While what you're saying is true on the private level, it's not happening on the government level - government debt levels are increasing way faster than private debt levels are declining.  

If people thought of the government as a relative with a bad spending habit and an credit card issued in their name, we might just make some progress here.

by bc0203
on Fri, 02/05/2010 - 23:49
#220185

While what you're saying is true on the private level, it's not happening on the government level - government debt levels are increasing way faster than private debt levels are declining.  

If people thought of the government as a relative with a bad spending habit and an credit card issued in their name, we might just make some progress here.

by Ned Zeppelin
on Fri, 02/05/2010 - 18:37
#219941

December credit would go up, thus tempering the credit downdraft, because of the holidays.  You would expect credit to resume its downward slump as the banks cancellation of credit lines, exorbitant rates and consumers being tapped out will take its toll.
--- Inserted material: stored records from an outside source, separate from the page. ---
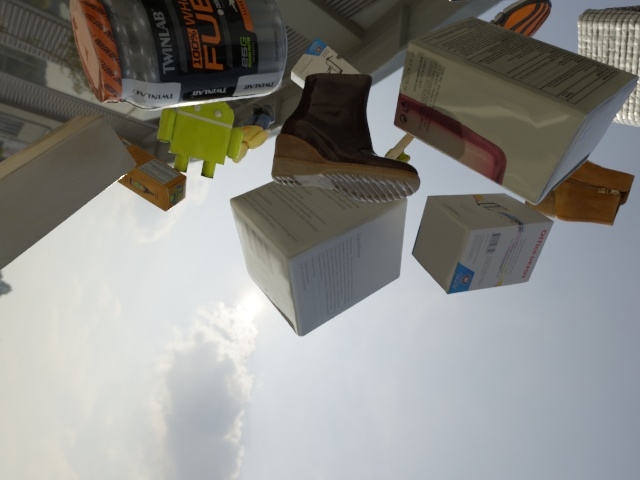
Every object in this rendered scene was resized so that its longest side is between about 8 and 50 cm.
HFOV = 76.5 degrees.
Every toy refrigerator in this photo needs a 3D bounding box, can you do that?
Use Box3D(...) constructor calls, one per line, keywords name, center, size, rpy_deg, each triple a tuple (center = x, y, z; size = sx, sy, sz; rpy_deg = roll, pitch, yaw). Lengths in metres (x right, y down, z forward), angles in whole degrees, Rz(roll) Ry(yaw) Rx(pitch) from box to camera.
Box3D(name="toy refrigerator", center=(-0.444, -0.087, 0.644), size=(0.094, 0.102, 0.269), rpy_deg=(11, -131, 33))

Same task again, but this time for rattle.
Box3D(name="rattle", center=(0.307, -0.296, 1.283), size=(0.200, 0.130, 0.142), rpy_deg=(-45, -103, 22))

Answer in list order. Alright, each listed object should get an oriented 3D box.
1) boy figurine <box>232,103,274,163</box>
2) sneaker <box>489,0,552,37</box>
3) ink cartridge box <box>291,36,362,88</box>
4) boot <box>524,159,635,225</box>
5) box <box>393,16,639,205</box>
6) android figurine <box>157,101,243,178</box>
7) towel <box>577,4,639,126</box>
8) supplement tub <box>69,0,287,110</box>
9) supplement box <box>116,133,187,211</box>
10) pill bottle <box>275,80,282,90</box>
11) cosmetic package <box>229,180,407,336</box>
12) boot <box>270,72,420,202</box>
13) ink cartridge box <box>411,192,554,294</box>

If the recovery of our "economy" hinges on people re-maxing out their cards, after a break, we are in deep doo-doo.

Today's bounce at the end combo of shorts covering and PPT - nothing more. This credit report was not sufficient to buoy hopes of a turnaround.

by Rainman
on Fri, 02/05/2010 - 19:10
#219970

Agree. I think in December people were pretty sick and tired of not spending money they don't have. A holiday bender.

by ghostfaceinvestah
on Fri, 02/05/2010 - 20:05
#220022

I always wonder how much of the drop in credit is due to defaults, writedowns, etc.

In any case this economy is making it real easy to cancel some of the damn credit cards I have, usually those retention folks badger the hell out of you to stay, now I just cry poverty and they are more than happy to let you go.  LOL!

by Anonymous
on Sat, 02/06/2010 - 14:04
#220574

Poverty indeed.

We wrestled several credit cards to the mat and made em zero balance.
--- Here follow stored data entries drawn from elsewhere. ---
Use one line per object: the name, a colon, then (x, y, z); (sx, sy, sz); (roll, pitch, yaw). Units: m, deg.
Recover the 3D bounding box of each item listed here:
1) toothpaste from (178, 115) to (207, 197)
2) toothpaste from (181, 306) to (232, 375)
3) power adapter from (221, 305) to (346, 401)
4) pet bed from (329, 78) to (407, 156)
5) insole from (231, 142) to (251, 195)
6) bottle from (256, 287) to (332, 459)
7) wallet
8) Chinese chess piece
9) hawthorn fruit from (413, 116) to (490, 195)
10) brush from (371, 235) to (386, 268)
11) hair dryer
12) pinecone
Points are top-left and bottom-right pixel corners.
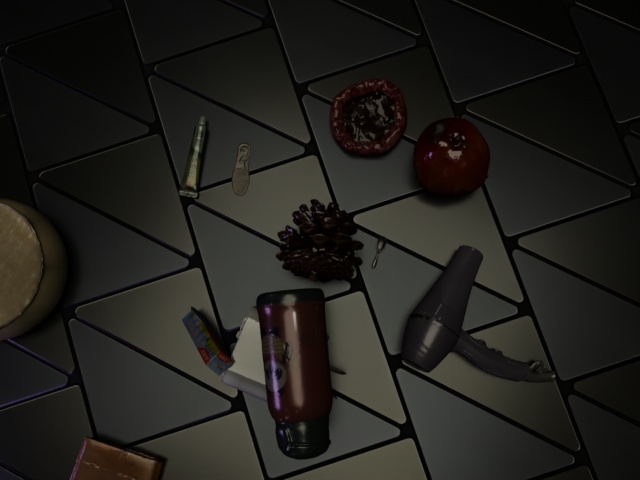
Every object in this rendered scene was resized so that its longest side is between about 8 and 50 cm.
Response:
toothpaste: (-0.307, -0.206, 1.556); (0.049, 0.031, 0.204); (10, 85, 4)
toothpaste: (-0.262, 0.217, 1.411); (0.044, 0.193, 0.070); (-44, 126, -4)
power adapter: (-0.070, 0.279, 1.428); (0.255, 0.124, 0.187); (21, 84, 4)
pet bed: (0.117, -0.299, 1.543); (0.201, 0.053, 0.201); (-1, 84, 7)
insole: (-0.193, -0.176, 1.561); (0.045, 0.002, 0.135); (6, 81, 3)
bottle: (-0.044, 0.270, 1.295); (0.143, 0.144, 0.336); (-7, 83, 1)
wallet: (-0.470, 0.547, 1.446); (0.195, 0.042, 0.161); (16, 87, 3)
Chinese chess piece: (-0.769, 0.067, 1.480); (0.337, 0.140, 0.338); (0, 83, 4)
hawthorn fruit: (0.301, -0.198, 1.445); (0.185, 0.202, 0.185); (-2, 74, 6)
brush: (0.138, 0.028, 1.513); (0.024, 0.008, 0.083); (20, 82, 2)
hair dryer: (0.384, 0.215, 1.446); (0.361, 0.121, 0.301); (32, 75, -3)
pinecone: (0.000, 0.000, 1.436); (0.207, 0.208, 0.208); (0, 81, 2)

Now we hold the credit cards unable to see interest income. For example... we charge it to buy a widget online and a few moments later, make balance transfer at bank online to pay off the credit card.

Cash is king, until they learn to compound interest by the hour instead of by the day....

mmmm. by the hour? hmmmm hopefully the experience is a clean and enlightening one.